Docker and Spark are two powerful technologies that remain highly relevant in 2025. While the original docker-spark repository demonstrates basic containerization, this guide has been updated to reflect modern best practices.
Updated for 2025: This post was originally published in 2015. It has been significantly revised to replace deprecated tools (boot2docker), use current Spark versions (3.4+), add Docker Compose examples, include PySpark workflows, and mention Kubernetes deployment patterns.

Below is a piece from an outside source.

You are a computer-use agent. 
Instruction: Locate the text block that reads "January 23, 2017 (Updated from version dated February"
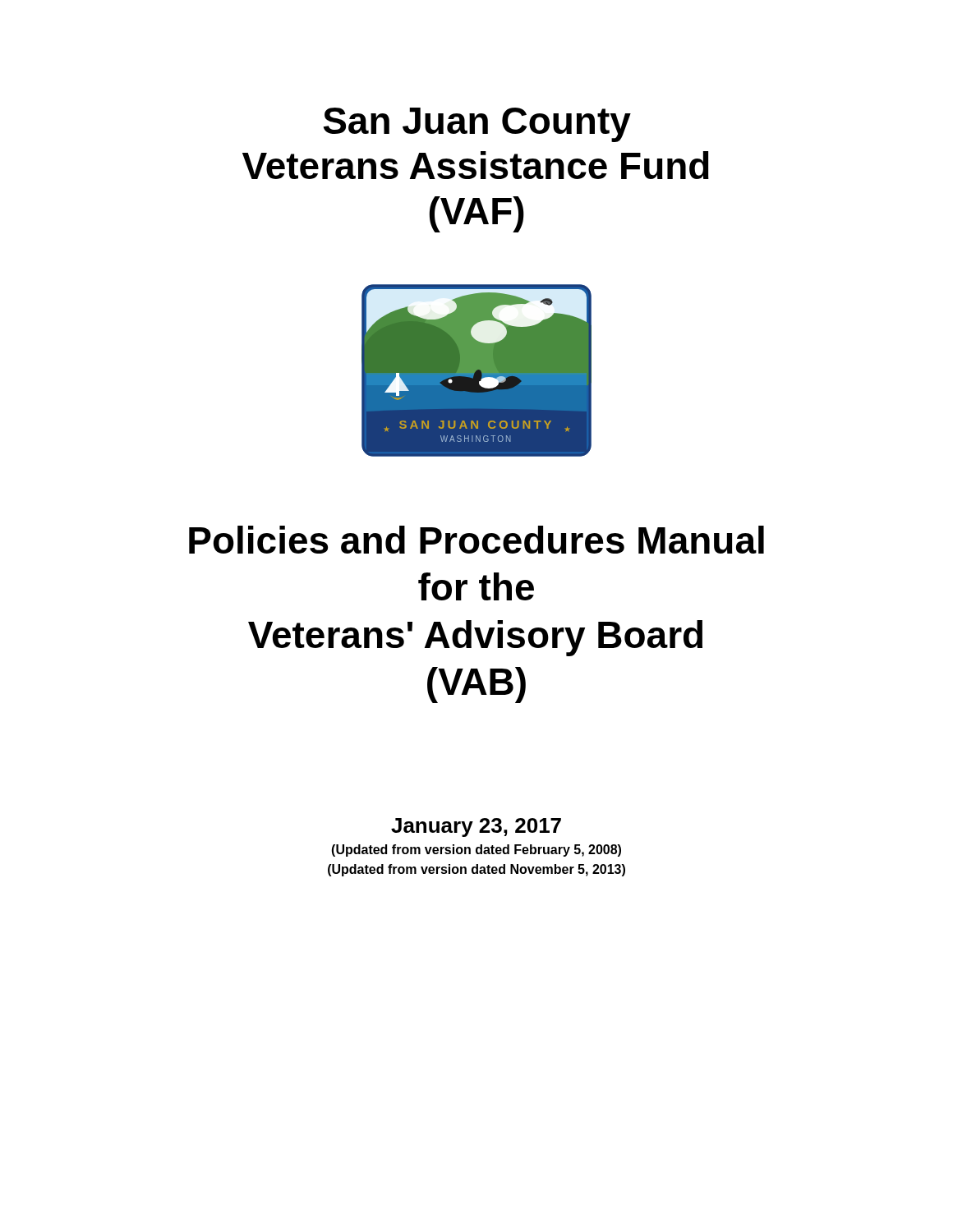point(476,846)

Install Docker (2025 Edition)
Docker Desktop (Recommended for 2024+)
Install Docker Desktop for your platform:
- macOS: Docker Desktop for Mac
- Windows: Docker Desktop for Windows
- Linux: Docker Engine Installation
Ubuntu/Debian Linux
sudo apt-get update
sudo apt-get install docker.io docker-compose
sudo usermod -aG docker $USER
newgrp docker
Verify Installation
docker run hello-world
This will pull and run the hello-world image, confirming Docker is working correctly.
Modern Spark on Docker Context (2025)
When containerizing Apache Spark in 2025, consider these important points:
- Use Current Spark Versions: Spark 3.4+ provides significant performance improvements and Python 3.10+ support
- Deployment Architecture:
- Docker Compose: Ideal for local development and testing
- Kubernetes: Industry standard for production workloads (see Spark on Kubernetes)
- Best Practices:
- Use lightweight base images (e.g.,
eclipse-temurin:11-jre-slimorpython:3.11-slim) - Implement security scanning for container images
- Use minimal, multi-stage builds
- Use lightweight base images (e.g.,
- PySpark Support: Modern deployments typically support both Scala and Python APIs
Pull the image from Docker Repository
docker pull duyetdev/docker-spark
Building the image
docker build --rm -t duyetdev/docker-spark .
Running the Image
Historical Note: Boot2Docker
Note: boot2docker was deprecated in favor of Docker Desktop (2016+). If you're using a legacy system, skip this section.
Modern Approach: Docker Compose (Recommended)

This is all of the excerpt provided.